I put out feelers for the emotions that others might feel and then respond in urgency, as if my purpose for existence is to calm, manage the emotional responses of those around me.

What about letting myself feel, instead?

Nope, no room for that when I am busy managing (calming, soothing, noticing, responding to, reacting to) the emotions of others. No time for my own feelings. No space for them. No energy for them, to know them or acknowledge them or express them.

This is my way of distracting myself from myself.

Why would I do that?

Why not let myself feel?

Because feelings bring in unpleasantries. My feelings may not line up with how I want to be. My feelings seem chaotic and I want to be calm. My feelings make me vulnerable and I want to be in control. My feelings are childish and I want to be mature. My feelings are unpredictable and I want to know. My feelings don’t give a flying fuck about goals, plans, opinions, consensus, and I want to achieve, be cool, be approved.

So it’s easier to focus on other people’s feelings and try to get them to chill the fuck out because, YO, feelings are inconvenient. Let’s chill and be cool and be calm and not have those messy things flying around. They are all over the place.

Except it doesn’t work. Not acknowledging or expressing my feelings does not mean I don’t have them. (Duh.)

I could busy myself creating an emotional buffer zone for those around me or I could trust them to have their own emotions and let myself have mine.

Weird concept.
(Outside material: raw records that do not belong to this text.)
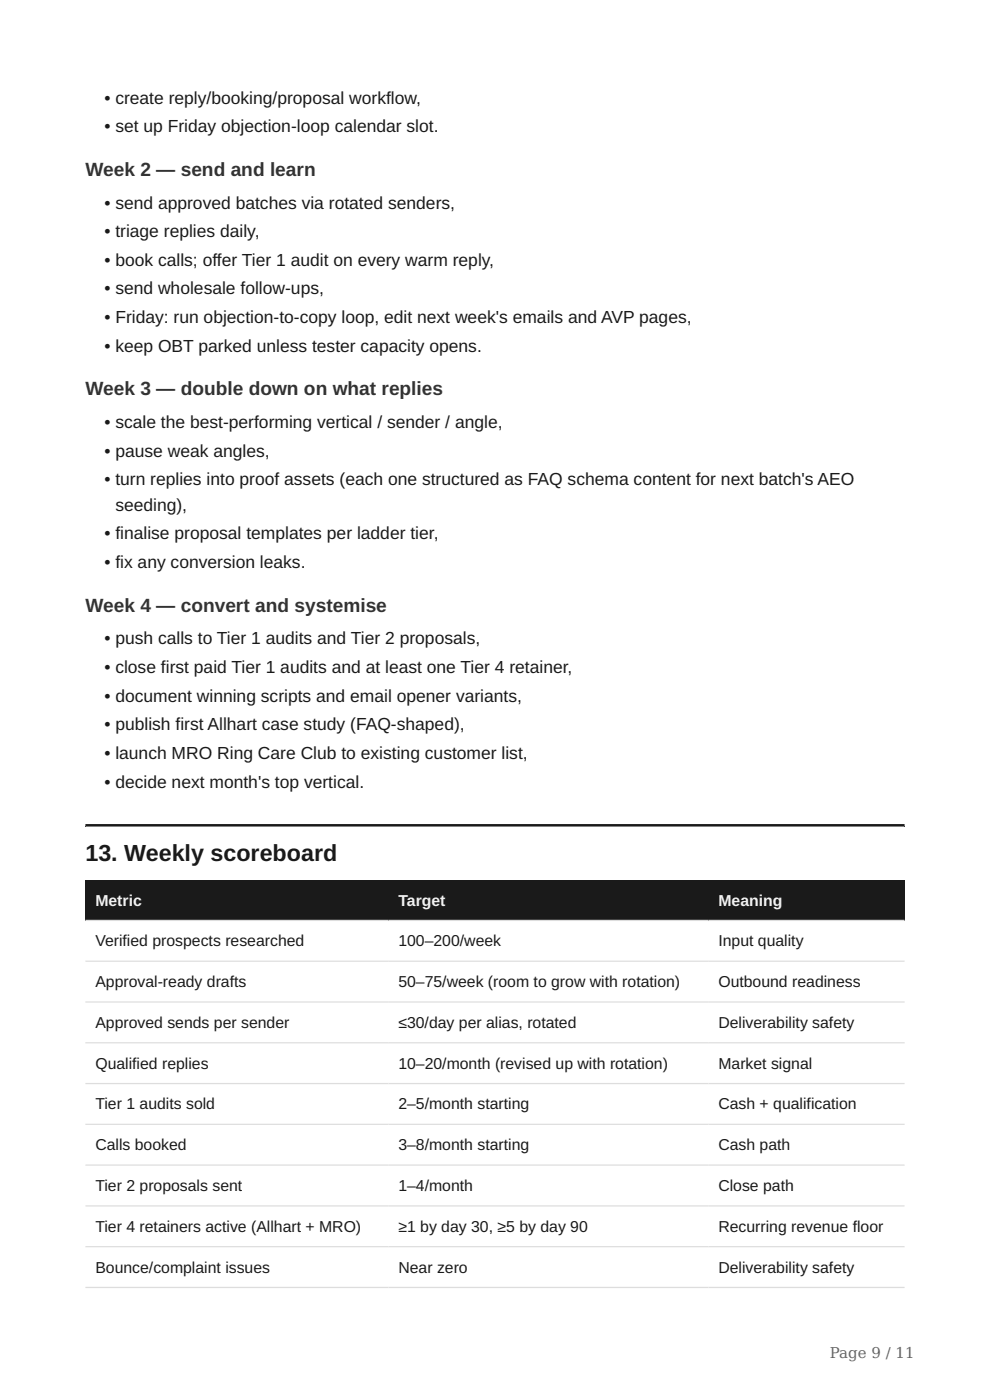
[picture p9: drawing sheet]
<svg xmlns="http://www.w3.org/2000/svg" width="210mm" height="297mm" viewBox="0 0 210 297" stroke-linecap="round" stroke-linejoin="round" font-family="sans-serif">
<defs><g id="words">
<text font-size="4.9" fill="#1a1a1a" x="18.1" y="182.8">13. Weekly scoreboard</text>
<g font-size="4.1" fill="#333">
<text x="18.1" y="37.3">Week 2 — send and learn</text>
<text x="18.1" y="83.9">Week 3 — double down on what replies</text>
<text x="18.1" y="129.8">Week 4 — convert and systemise</text>
</g>
<g font-size="3.7" fill="#1a1a1a">
<text x="22.1" y="22">• create reply/booking/proposal workflow,</text>
<text x="22.1" y="28">• set up Friday objection-loop calendar slot.</text>
<text x="22.1" y="44.2">• send approved batches via rotated senders,</text>
<text x="22.1" y="50.3">• triage replies daily,</text>
<text x="22.1" y="56.4">• book calls; offer Tier 1 audit on every warm reply,</text>
<text x="22.1" y="62.5">• send wholesale follow-ups,</text>
<text x="22.1" y="68.5">• Friday: run objection-to-copy loop, edit next week's emails and AVP pages,</text>
<text x="22.1" y="74.6">• keep OBT parked unless tester capacity opens.</text>
<text x="22.1" y="90.8">• scale the best-performing vertical / sender / angle,</text>
<text x="22.1" y="96.9">• pause weak angles,</text>
<text x="22.1" y="103">• turn replies into proof assets (each one structured as FAQ schema content for next batch's AEO</text>
<text x="24.5" y="108.3">seeding),</text>
<text x="22.1" y="114.4">• finalise proposal templates per ladder tier,</text>
<text x="22.1" y="120.5">• fix any conversion leaks.</text>
<text x="22.1" y="136.7">• push calls to Tier 1 audits and Tier 2 proposals,</text>
<text x="22.1" y="142.8">• close first paid Tier 1 audits and at least one Tier 4 retainer,</text>
<text x="22.1" y="148.8">• document winning scripts and email opener variants,</text>
<text x="22.1" y="154.9">• publish first Allhart case study (FAQ-shaped),</text>
<text x="22.1" y="161">• launch MRO Ring Care Club to existing customer list,</text>
<text x="22.1" y="167.1">• decide next month's top vertical.</text>
</g>
<g font-size="3.4" fill="#f5f2ea">
<text x="20.2" y="192.1">Metric</text>
<text x="84.5" y="192.1">Target</text>
<text x="152.4" y="192.1">Meaning</text>
</g>
<g font-size="3.4" fill="#1a1a1a">
<text x="20.2" y="200.7">Verified prospects researched</text>
<text x="84.5" y="200.7">100–200/week</text>
<text x="152.4" y="200.7">Input quality</text>
<text x="20.2" y="209.4">Approval-ready drafts</text>
<text x="84.5" y="209.4">50–75/week (room to grow with rotation)</text>
<text x="152.4" y="209.4">Outbound readiness</text>
<text x="20.2" y="218.1">Approved sends per sender</text>
<text x="84.5" y="218.1">≤30/day per alias, rotated</text>
<text x="152.4" y="218.1">Deliverability safety</text>
<text x="20.2" y="226.7">Qualified replies</text>
<text x="84.5" y="226.7">10–20/month (revised up with rotation)</text>
<text x="152.4" y="226.7">Market signal</text>
<text x="20.2" y="235.4">Tier 1 audits sold</text>
<text x="84.5" y="235.4">2–5/month starting</text>
<text x="152.4" y="235.4">Cash + qualification</text>
<text x="20.2" y="244">Calls booked</text>
<text x="84.5" y="244">3–8/month starting</text>
<text x="152.4" y="244">Cash path</text>
<text x="20.2" y="252.7">Tier 2 proposals sent</text>
<text x="84.5" y="252.7">1–4/month</text>
<text x="152.4" y="252.7">Close path</text>
<text x="20.2" y="261.3">Tier 4 retainers active (Allhart + MRO)</text>
<text x="84.5" y="261.3">≥1 by day 30, ≥5 by day 90</text>
<text x="152.4" y="261.3">Recurring revenue floor</text>
<text x="20.2" y="270">Bounce/complaint issues</text>
<text x="84.5" y="270">Near zero</text>
<text x="152.4" y="270">Deliverability safety</text>
</g>
<text font-size="3.2" fill="#666" x="176" y="288.1">Page 9 / 11</text>
</g></defs>
<path d="M18.1 175.3l173.8 .1zM18.1 174.8h173.8v.6h-173.8z" fill-rule="evenodd" fill="#1a1a1a"/>
<g fill="#1a1a1a">
<path d="M18.1 186.7h64.3v8.6h-64.3z"/>
<path d="M82.4 186.7h67.9v8.6h-67.9z"/>
<path d="M150.3 186.7h41.6v8.6h-41.6z"/>
</g>
<path d="M18.1 195.3h173.8M18.1 203.9h173.8M18.1 212.6h173.8M18.1 221.2h173.8M18.1 229.9h173.8M18.1 238.5h173.8M18.1 247.2h173.8M18.1 255.8h173.8M18.1 264.5h173.8M18.1 273.1h173.8" fill="none" stroke="#ddd" stroke-width=".26"/>
<use href="#words"/>
</svg>

But it does seem simpler than trying to manage feelings which don’t even belong to me. How do I know what the feelings are? What am I, the Feelings Guru? And what makes me think I need to manage them, fix them, smooth them? Why do I think feelings are dangerous?

What if I released the management of how others feel (a secure position; I get to be calm, I get to be in control and detached, I get to feel superior) and—instead—let myself feel?